** Excerpted records follows **

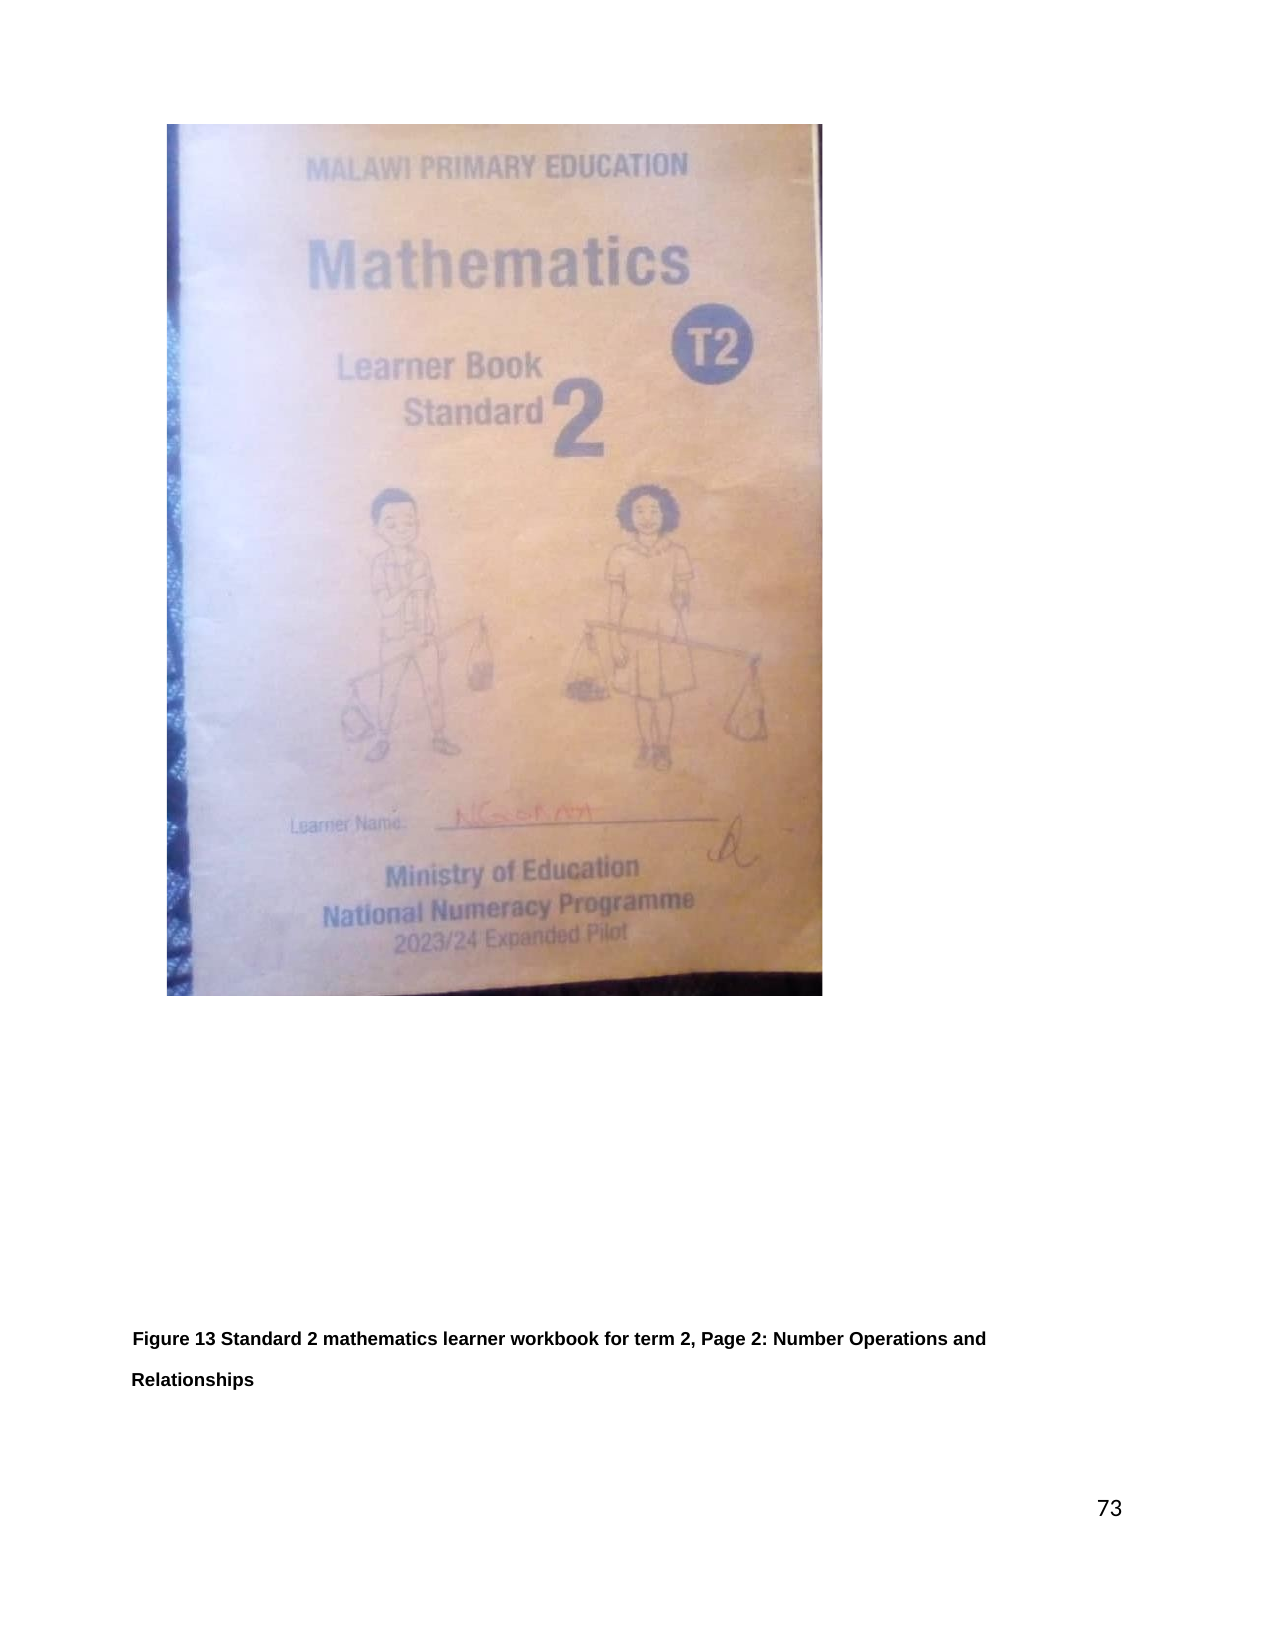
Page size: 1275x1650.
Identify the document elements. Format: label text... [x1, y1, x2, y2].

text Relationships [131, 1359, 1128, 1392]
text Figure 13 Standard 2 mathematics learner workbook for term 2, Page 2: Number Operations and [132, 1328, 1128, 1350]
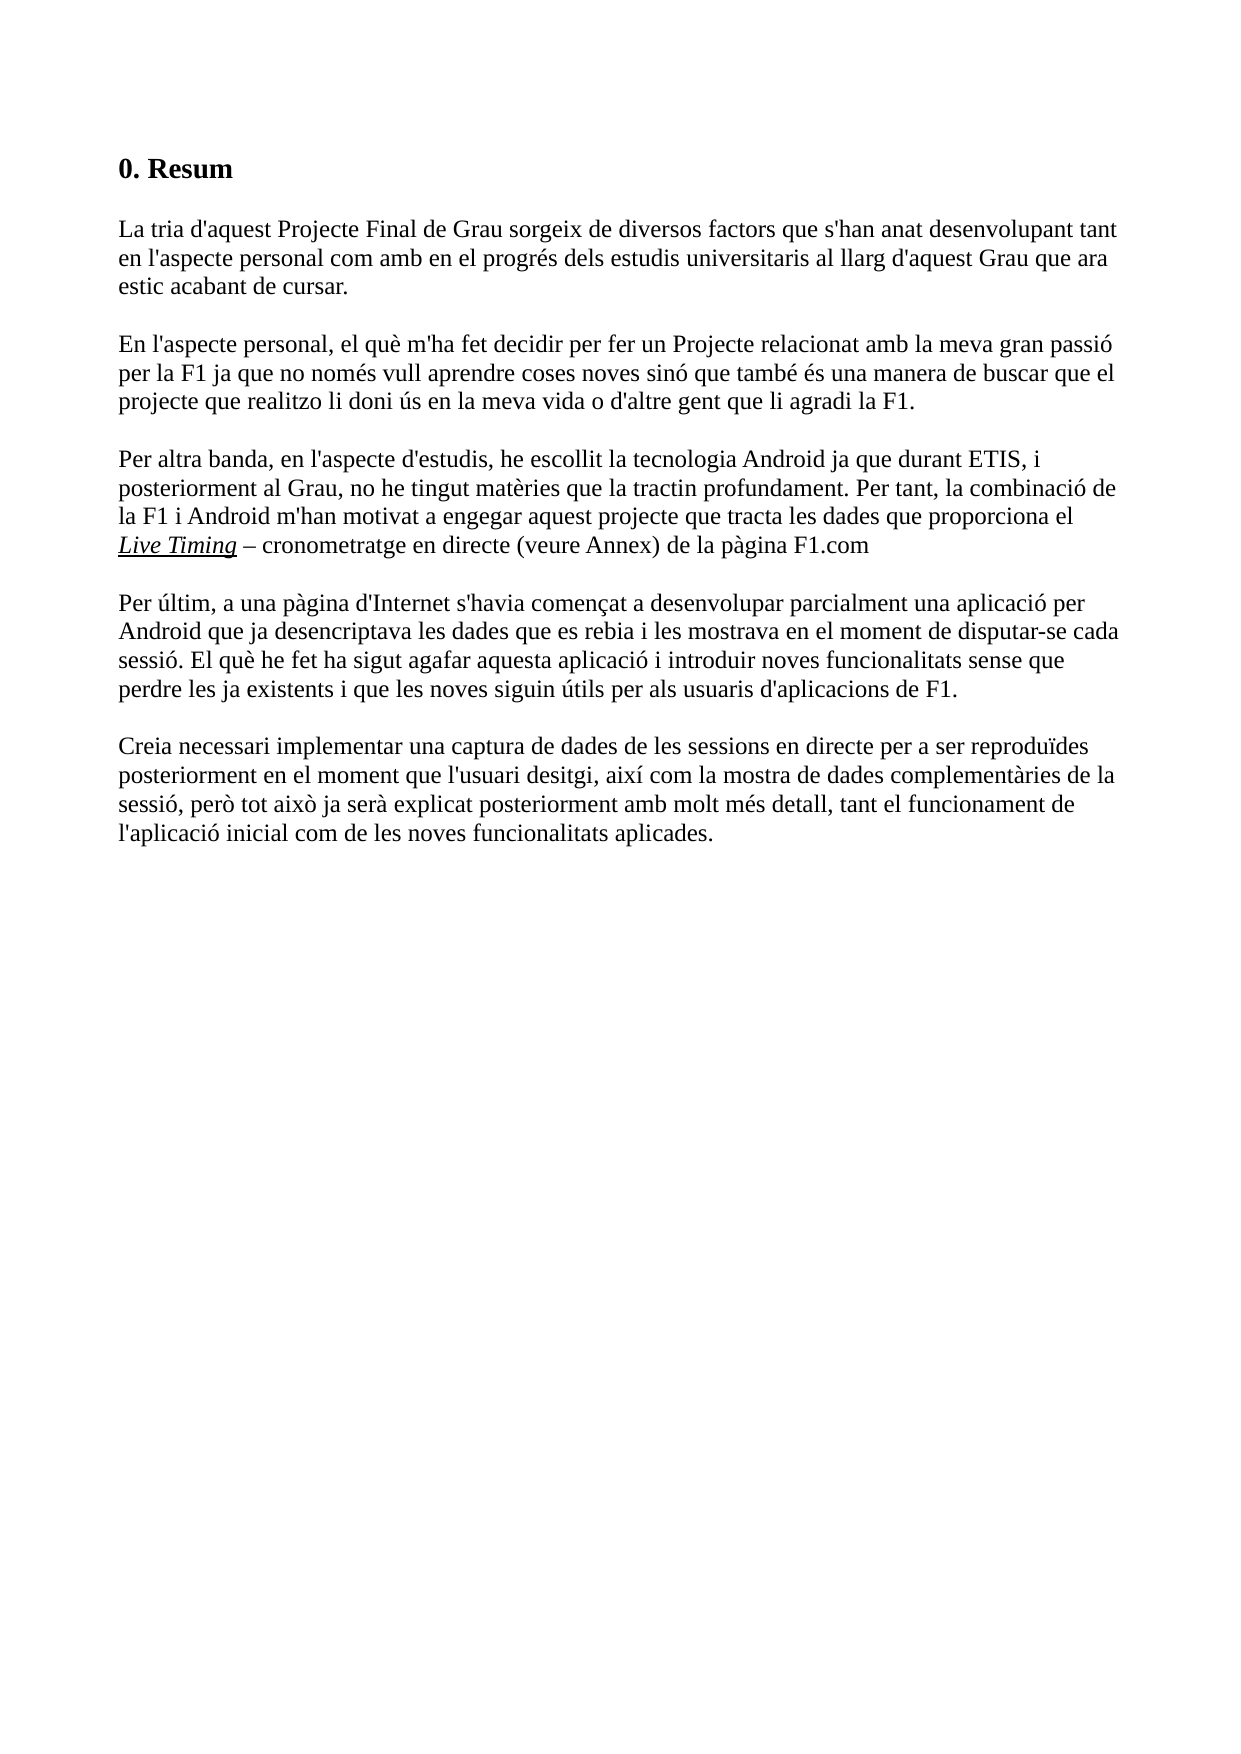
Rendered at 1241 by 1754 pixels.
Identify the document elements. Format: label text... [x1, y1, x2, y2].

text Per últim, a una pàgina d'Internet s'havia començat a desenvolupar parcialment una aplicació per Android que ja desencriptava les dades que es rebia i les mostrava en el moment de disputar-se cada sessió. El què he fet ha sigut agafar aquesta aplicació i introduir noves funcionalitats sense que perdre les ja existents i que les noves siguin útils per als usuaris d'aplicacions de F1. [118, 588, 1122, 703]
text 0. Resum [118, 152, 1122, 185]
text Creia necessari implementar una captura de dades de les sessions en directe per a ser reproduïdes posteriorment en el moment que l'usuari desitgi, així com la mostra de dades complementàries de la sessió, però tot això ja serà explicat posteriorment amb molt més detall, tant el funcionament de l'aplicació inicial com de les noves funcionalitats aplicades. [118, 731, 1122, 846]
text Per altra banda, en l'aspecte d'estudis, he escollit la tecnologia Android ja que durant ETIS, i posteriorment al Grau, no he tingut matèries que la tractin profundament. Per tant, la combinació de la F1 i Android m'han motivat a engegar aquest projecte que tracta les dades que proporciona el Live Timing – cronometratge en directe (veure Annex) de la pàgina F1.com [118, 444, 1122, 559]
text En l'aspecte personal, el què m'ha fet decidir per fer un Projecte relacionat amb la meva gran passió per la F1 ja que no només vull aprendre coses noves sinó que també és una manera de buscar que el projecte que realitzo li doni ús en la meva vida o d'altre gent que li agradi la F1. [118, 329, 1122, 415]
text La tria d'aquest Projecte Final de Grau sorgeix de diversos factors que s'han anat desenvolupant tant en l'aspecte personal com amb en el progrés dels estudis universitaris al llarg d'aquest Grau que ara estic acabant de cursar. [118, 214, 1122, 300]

** End of Excerpted records **

Transcribe only these lines, exactly: the first line of the listing, every line after it, and the line with "Rendered at 1241 by 1754 pixels.", where the copy ends. Include no picture.

Page size: 1275x1650.
Identify the document elements. Format: label text... [x1, y1, x2, y2].

text Relationships [131, 1359, 1128, 1392]
text Figure 13 Standard 2 mathematics learner workbook for term 2, Page 2: Number Operations and [132, 1328, 1128, 1350]
Rendered at 1241 by 1754 pixels.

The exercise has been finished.